═══ THE INPUT ═══
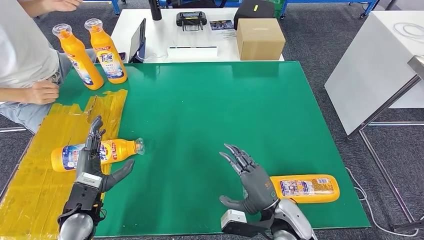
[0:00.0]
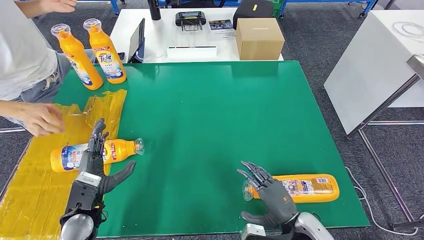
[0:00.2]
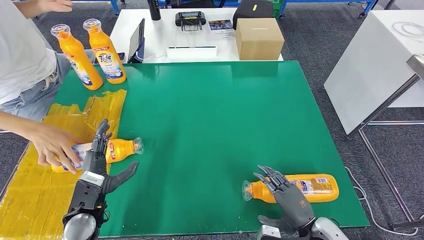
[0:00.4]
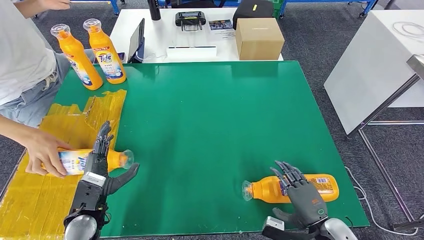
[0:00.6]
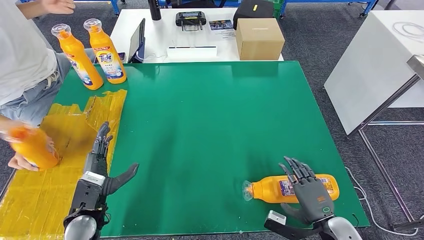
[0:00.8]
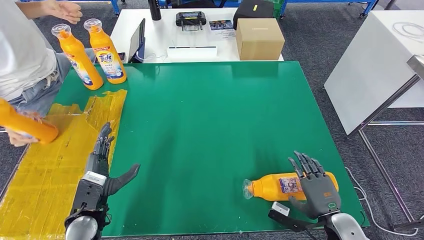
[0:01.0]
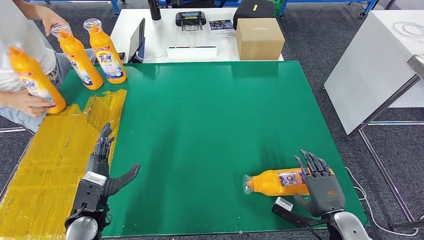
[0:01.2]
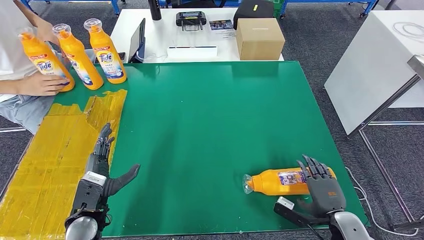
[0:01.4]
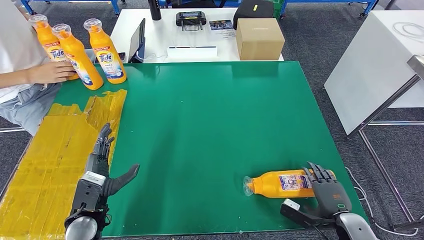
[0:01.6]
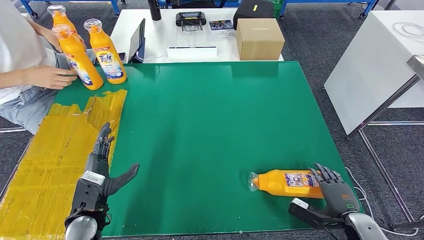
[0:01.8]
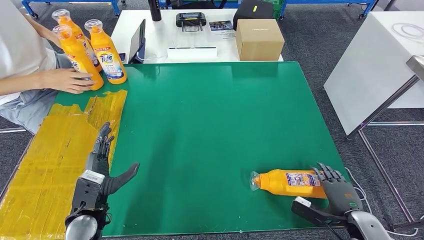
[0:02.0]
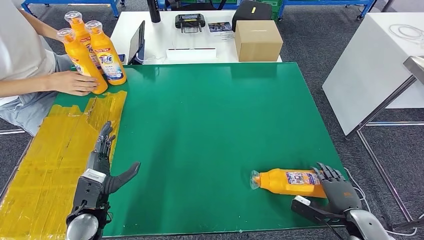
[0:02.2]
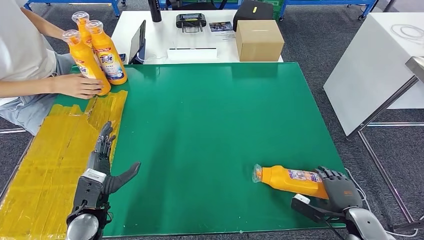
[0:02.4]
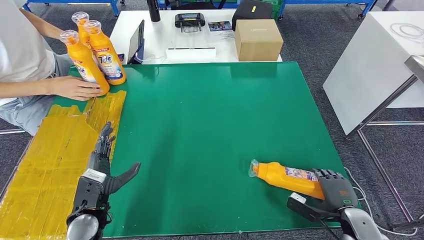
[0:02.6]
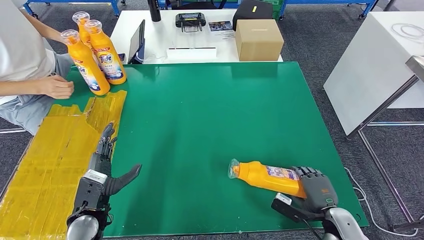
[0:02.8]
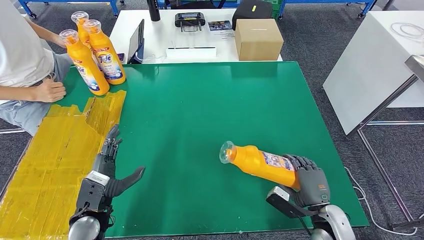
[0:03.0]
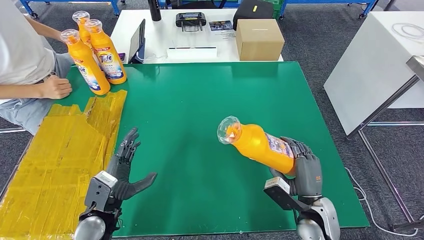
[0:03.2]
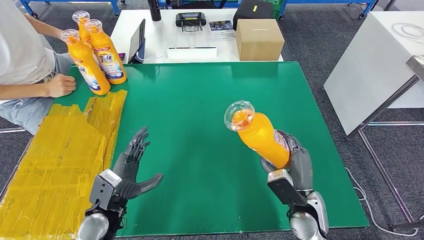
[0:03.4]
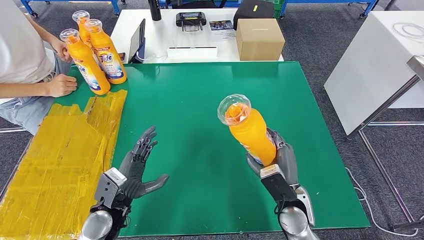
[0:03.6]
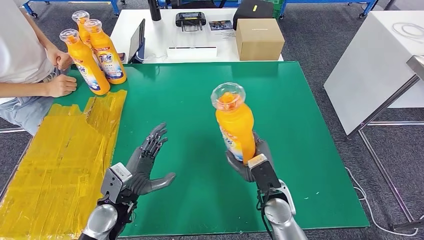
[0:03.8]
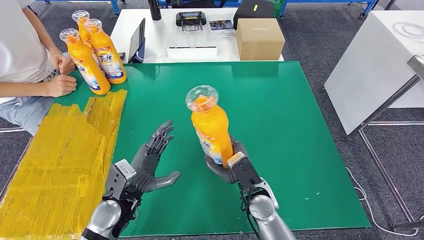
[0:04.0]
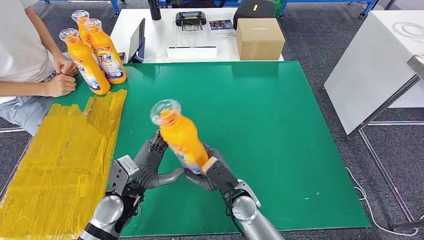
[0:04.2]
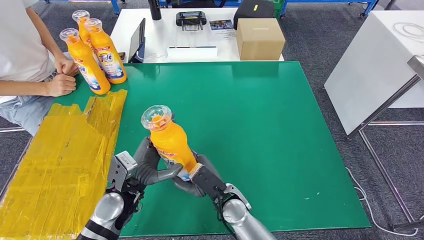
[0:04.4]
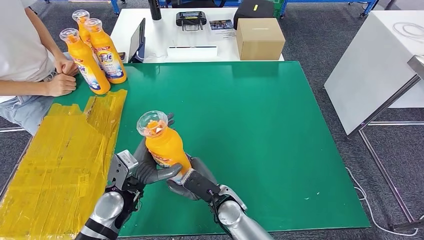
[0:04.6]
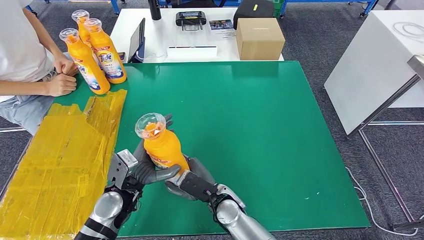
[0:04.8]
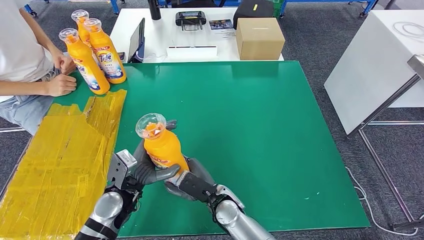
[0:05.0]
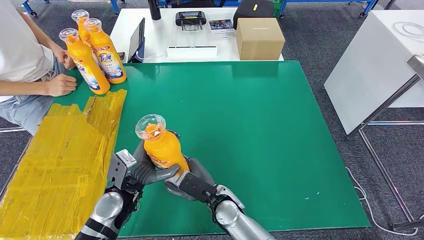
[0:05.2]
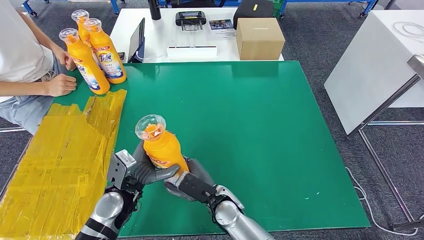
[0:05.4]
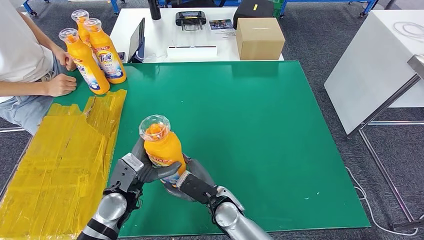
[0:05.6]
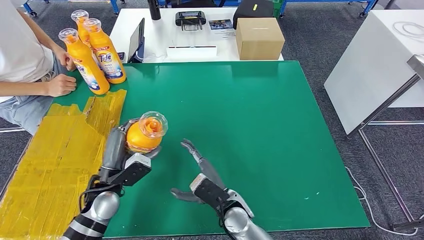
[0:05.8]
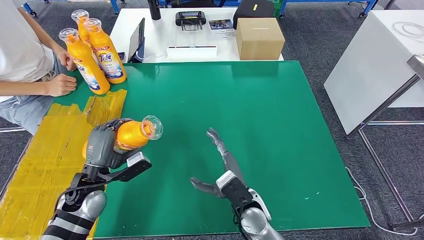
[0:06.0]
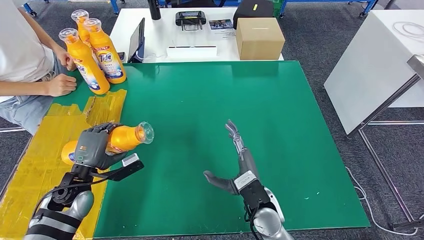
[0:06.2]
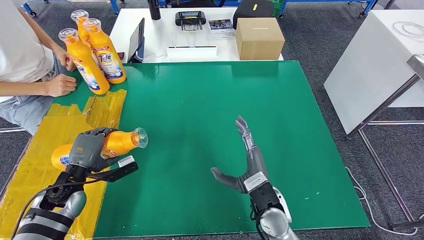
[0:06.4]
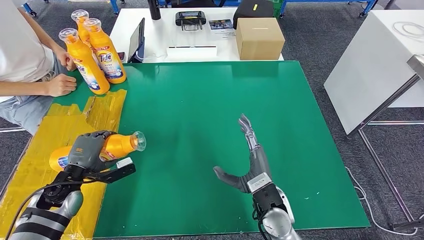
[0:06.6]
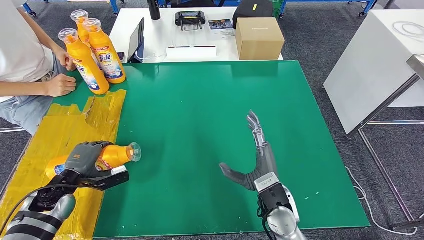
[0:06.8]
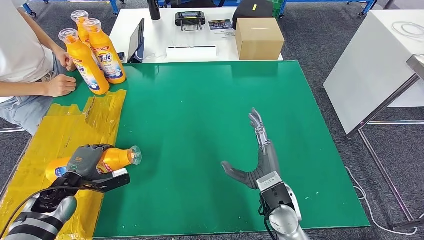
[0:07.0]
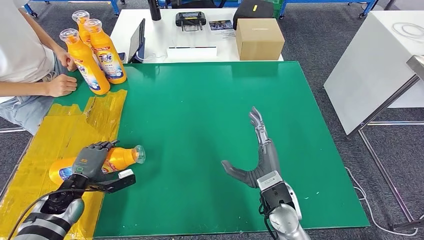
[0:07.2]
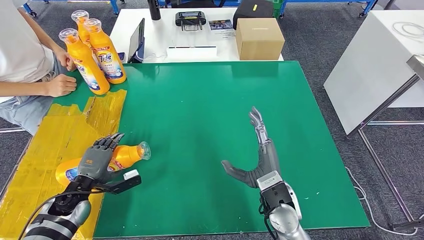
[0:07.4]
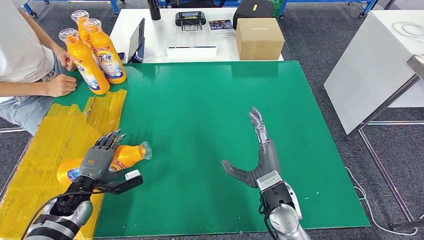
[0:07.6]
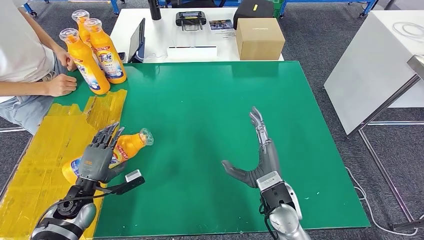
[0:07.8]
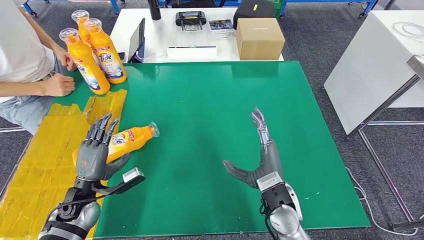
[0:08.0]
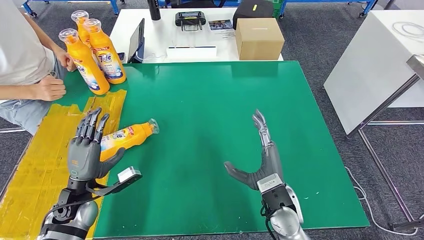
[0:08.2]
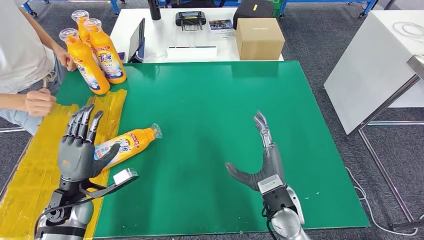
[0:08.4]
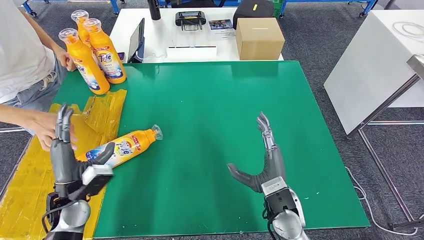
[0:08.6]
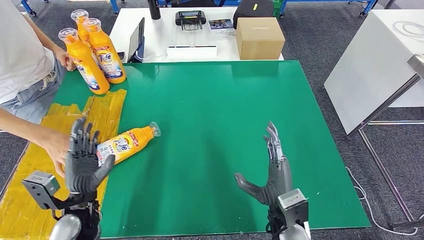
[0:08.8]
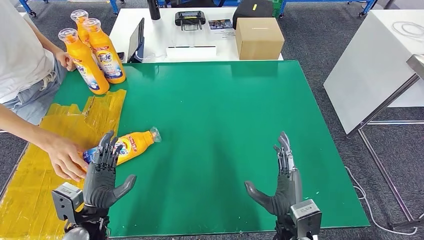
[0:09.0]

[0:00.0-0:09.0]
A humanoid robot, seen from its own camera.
Step, 0:00.0 to 0:03.8: Pick up the bottle from the table.
Step, 0:04.0 to 0:09.0: Flip the bottle to face forward.
0:00.0 to 0:01.6: The right hand heads to the right, covering some 15 cm.
0:01.6 to 0:03.0: The right hand ends up roughly 5 cm from where it was.
0:04.4 to 0:06.0: The left hand is displaced to the left by roughly 10 cm.
0:06.0 to 0:07.6: The right hand shifts roughly 5 cm to the right. Meanwhile the left hand goes some 10 cm downward and to the left.
0:07.6 to 0:09.0: The right hand is displaced backward by about 5 cm. The left hand travels backward and to the right by some 10 cm.
═══
▶ [WHAT THE TASK REQUIRES]:
What you return should be the whole listing, word for word, without its pictures.

▶ [WRITTEN REPLY]:
[0:00.0]
[0:00.2]
[0:00.4]
[0:00.6]
[0:00.8]
[0:01.0]
[0:01.2]
[0:01.4]
[0:01.6]
[0:01.8]
[0:02.0]
[0:02.2]
[0:02.4]
[0:02.6]
[0:02.8]
[0:03.0]
[0:03.2]
[0:03.4]
[0:03.6]
[0:03.8]
[0:04.0]
[0:04.2]
[0:04.4]
[0:04.6]
[0:04.8]
[0:05.0]
[0:05.2]
[0:05.4]
[0:05.6]
[0:05.8]
[0:06.0]
[0:06.2]
[0:06.4]
[0:06.6]
[0:06.8]
[0:07.0]
[0:07.2]
[0:07.4]
[0:07.6]
[0:07.8]
[0:08.0]
[0:08.2]
[0:08.4]
[0:08.6]
[0:08.8]
[0:09.0]

[0:00.0-0:09.0]
A humanoid robot, seen from its own camera.
Step, 0:00.0 to 0:03.8: Pick up the bottle from the table.
Step, 0:04.0 to 0:09.0: Flip the bottle to face forward.
0:00.0 to 0:01.6: The right hand heads to the right, covering some 15 cm.
0:01.6 to 0:03.0: The right hand ends up roughly 5 cm from where it was.
0:04.4 to 0:06.0: The left hand is displaced to the left by roughly 10 cm.
0:06.0 to 0:07.6: The right hand shifts roughly 5 cm to the right. Meanwhile the left hand goes some 10 cm downward and to the left.
0:07.6 to 0:09.0: The right hand is displaced backward by about 5 cm. The left hand travels backward and to the right by some 10 cm.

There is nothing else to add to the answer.